Concepts of entropy (or uncertainty andunpredictability) of the message and redundancy (or predetermination and predictability) very naturally correspond to our intuitive ideas about the measure of information. The more unpredictable the message (the greater its entropy, because there is less likelihood), the more information it carries. A sensation (for example, a meeting with a crocodile on Tverskaya) is a rare event, its predictability is very low, and therefore the information value is high. Often information is called news — reports of events that have just occurred, about which we still know nothing. But if they tell us about the second and third times about the same words, the redundancy of the message will be great, its unpredictability will drop to zero, and we simply will not listen, dismissing the speaker with the words "I know, I know." Therefore, the media are trying so hard to be the first. This correspondence to the intuitive feeling of novelty, which gives rise to really unexpected news, played a major role in the fact that Shannon’s article, which was not intended for the general reader, became a sensation, which the press picked up as a universal key to the knowledge of nature. - from linguists and literary critics to biologists.

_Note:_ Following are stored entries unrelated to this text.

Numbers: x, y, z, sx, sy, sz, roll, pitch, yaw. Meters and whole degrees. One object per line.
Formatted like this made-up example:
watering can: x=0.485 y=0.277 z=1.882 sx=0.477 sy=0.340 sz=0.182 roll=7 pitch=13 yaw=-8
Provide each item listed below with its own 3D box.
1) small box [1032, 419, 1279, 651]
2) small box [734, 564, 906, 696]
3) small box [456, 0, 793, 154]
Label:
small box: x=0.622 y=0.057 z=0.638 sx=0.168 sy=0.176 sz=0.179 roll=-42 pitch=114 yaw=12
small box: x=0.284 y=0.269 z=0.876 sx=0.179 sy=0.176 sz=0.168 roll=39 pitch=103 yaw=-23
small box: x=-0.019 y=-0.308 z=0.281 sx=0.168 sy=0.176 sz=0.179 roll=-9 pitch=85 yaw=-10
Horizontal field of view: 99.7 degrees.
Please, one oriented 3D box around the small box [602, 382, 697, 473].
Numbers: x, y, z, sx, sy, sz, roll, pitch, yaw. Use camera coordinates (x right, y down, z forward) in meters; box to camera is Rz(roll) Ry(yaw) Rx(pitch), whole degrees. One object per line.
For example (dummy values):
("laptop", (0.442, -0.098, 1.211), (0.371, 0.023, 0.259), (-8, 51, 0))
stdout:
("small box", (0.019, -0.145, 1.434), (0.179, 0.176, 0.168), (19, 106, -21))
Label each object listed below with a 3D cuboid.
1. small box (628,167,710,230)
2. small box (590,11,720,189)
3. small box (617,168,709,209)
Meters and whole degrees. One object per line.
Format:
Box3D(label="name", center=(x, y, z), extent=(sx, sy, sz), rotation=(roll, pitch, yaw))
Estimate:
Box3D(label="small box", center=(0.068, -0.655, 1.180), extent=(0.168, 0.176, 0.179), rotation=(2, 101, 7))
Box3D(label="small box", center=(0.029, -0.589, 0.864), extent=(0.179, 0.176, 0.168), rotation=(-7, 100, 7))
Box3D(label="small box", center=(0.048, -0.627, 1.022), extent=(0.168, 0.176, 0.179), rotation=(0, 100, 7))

But**Shannon information concept - rigorous mathematical theory**, and its application outside of communication theory is very unreliable. But in the theory of communication itself, it plays a central role.

### Semantic information

Shannon, introducing the concept of entropy as a measureinformation, got the opportunity to work with information - first of all, to measure it and evaluate characteristics such as channel capacity or optimal coding. But the main assumption that allowed Shannon to successfully operate with information was the assumption that the generation of information is a random process that can be successfully described in terms of probability theory.**If the process is non-random, that is, it obeys the laws (moreover, it is not always clear, as it happens in natural language), then Shannon's reasoning is not applicable to it.**Nothing Shannon says has anything to do with the information being meaningful.

While we are talking about characters (or letters of the alphabet),we can well argue in terms of random events, but as soon as we get to the words of the language, the situation will change dramatically. Speech is a process that is specially organized, and here the structure of the message is no less important than the characters by which it is transmitted.

Just recently it seemed like we couldn't do anything.done to get at least somehow closer to measuring the meaningfulness of the text, but in recent years the situation has begun to change. And this is primarily due to the use of artificial neural networks for the tasks of machine translation, automatic summarization of texts, extracting information from texts, and generating reports in natural language. All of these tasks involve transforming, encoding, and decoding meaningful information contained in natural language. And gradually an idea is formed about information losses during such transformations, and therefore about the extent of meaningful information. But today, the clarity and accuracy that Shannon’s information theory has is not yet available in these difficult problems.